12.7. Government Use. The use, duplication, reproduction, release, modification, disclosure, or transfer of the Platform, no matter how received by the United States Government, is restricted in accordance with the terms and conditions contained herein. All other use is prohibited. Further, the Platform was developed at DroneSense’s private expense and is commercial in nature. By using or receiving the Platform, any Government user agrees to the terms and conditions contained in this Agreement including the terms and conditions contained in this paragraph.

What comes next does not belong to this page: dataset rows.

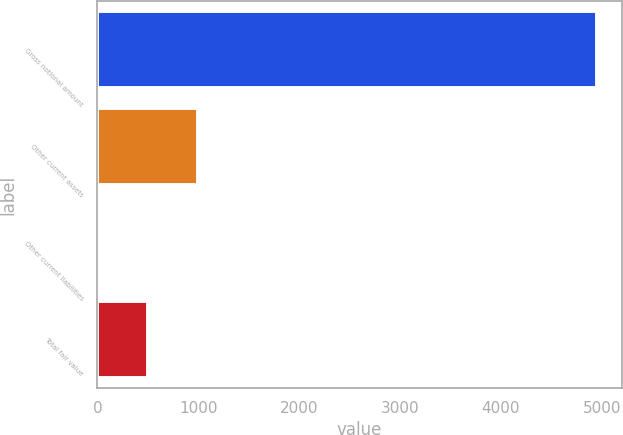Convert chart to OTSL. <chart><loc_0><loc_0><loc_500><loc_500><bar_chart><fcel>Gross notional amount<fcel>Other current assets<fcel>Other current liabilities<fcel>Total fair value<nl><fcel>4950<fcel>997.2<fcel>9<fcel>503.1<nl></chart> 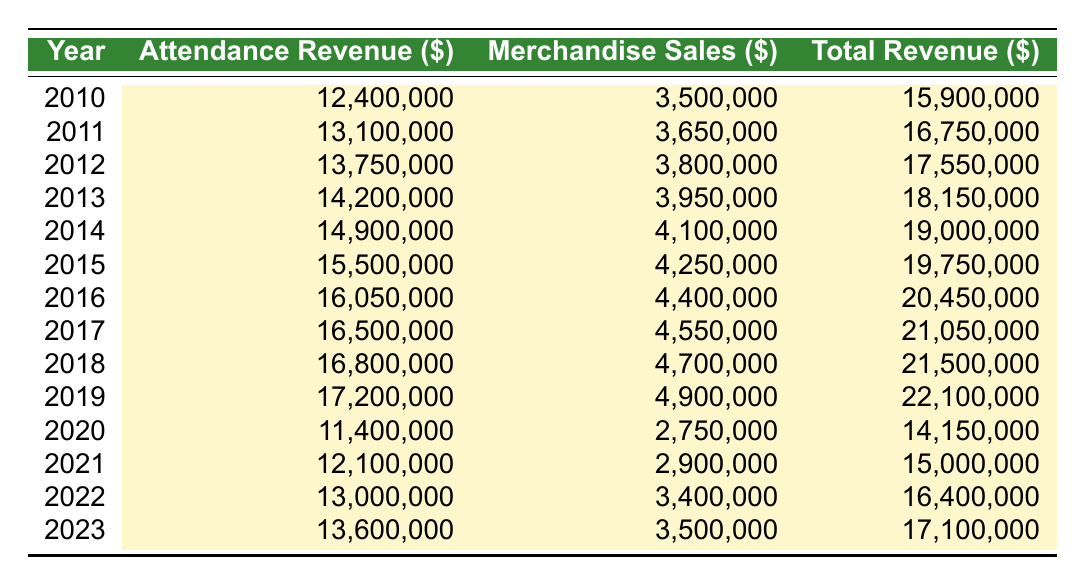What was the total revenue for the Ducks in 2015? The total revenue for the Ducks in 2015 is directly listed in the table. According to the data for 2015, the total revenue is 19,750,000 dollars.
Answer: 19,750,000 Which year saw the highest merchandise sales? By examining the merchandise sales column for each year, we can see that 2019 had the highest sales value of 4,900,000 dollars.
Answer: 2019 What is the difference in attendance revenue between 2010 and 2020? The attendance revenue for 2010 is 12,400,000 dollars and for 2020 it is 11,400,000 dollars. The difference is calculated by subtracting the 2020 value from the 2010 value: 12,400,000 - 11,400,000 = 1,000,000 dollars.
Answer: 1,000,000 What was the average attendance revenue from 2010 to 2019? To calculate the average attendance revenue from 2010 to 2019, we sum the attendance revenues for these years and then divide by the total number of years (10). The sum is: 12,400,000 + 13,100,000 + 13,750,000 + 14,200,000 + 14,900,000 + 15,500,000 + 16,050,000 + 16,500,000 + 16,800,000 + 17,200,000 =  151,450,000. Thus, the average attendance revenue is 151,450,000 / 10 = 15,145,000 dollars.
Answer: 15,145,000 Did the Ducks' total revenue in 2021 exceed that of 2022? Checking the total revenue for both years, in 2021 the total revenue is 15,000,000 dollars and in 2022 it is 16,400,000 dollars. Since 15,000,000 is less than 16,400,000, the statement is false.
Answer: No What was the percentage increase in merchandise sales from 2010 to 2019? To find the percentage increase in merchandise sales, we take the merchandise sales of 2010, which is 3,500,000 dollars, and that of 2019, which is 4,900,000 dollars. The difference is 4,900,000 - 3,500,000 = 1,400,000 dollars. The percentage increase is calculated as (1,400,000 / 3,500,000) * 100, which equals 40 percent.
Answer: 40 percent What was the total revenue over the years 2020 to 2023? To find the total revenue from 2020 to 2023, we add the total revenues for those years. From the table: 14,150,000 (2020) + 15,000,000 (2021) + 16,400,000 (2022) + 17,100,000 (2023) = 62,650,000 dollars.
Answer: 62,650,000 How much did attendance revenue decline from 2019 to 2020? The attendance revenues for 2019 and 2020 are 17,200,000 dollars and 11,400,000 dollars, respectively. The decline is calculated as 17,200,000 - 11,400,000 = 5,800,000 dollars.
Answer: 5,800,000 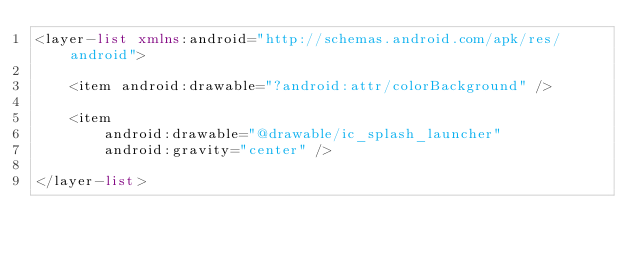Convert code to text. <code><loc_0><loc_0><loc_500><loc_500><_XML_><layer-list xmlns:android="http://schemas.android.com/apk/res/android">

    <item android:drawable="?android:attr/colorBackground" />

12.8. Assignment. Neither party may assign this Agreement, in whole or in part, without the other party's prior written consent, provided that no consent is required in connection with a merger, reorganization, consolidation, amalgamation, sale of assets, change of control, or similar transaction. Any purported assignment in violation of this Section shall be null and void. The Agreement shall be binding on all permitted successors and assigns.
12.8. Severability. The invalidity or unenforceability of any provision hereof, or any terms thereof, shall not affect the validity of this Agreement as a whole, which will at all times remain in full force and effect.
12.9. Waiver. The failure of either party to enforce at any time the provisions of this Agreement, or the failure to require at any time performance by the other party of any of the provisions of this Agreement, shall in no way be construed to be a present or future waiver of such provisions, nor in any way affect the ability of either party to enforce each and every such provision thereafter. The express waiver by either party of any provision, condition or requirement of this Agreement shall not constitute a waiver of any future obligation to comply with such provision, condition, or requirement.
12.10. Order of Preference. If there is a conflict between the terms and conditions of this Agreement and any contracts incorporated by reference, the terms and conditions set forth in these Terms shall take precedence.
12.11. Notices. All notices required or permitted under this Agreement will be in writing and delivered by confirmed facsimile transmission, by courier or overnight delivery service, or by certified mail, and in each instance will be deemed given upon receipt. All communications will be sent to the addresses set forth below or in the Order or to such other address as may be specified by either party to the other in accordance with this Section.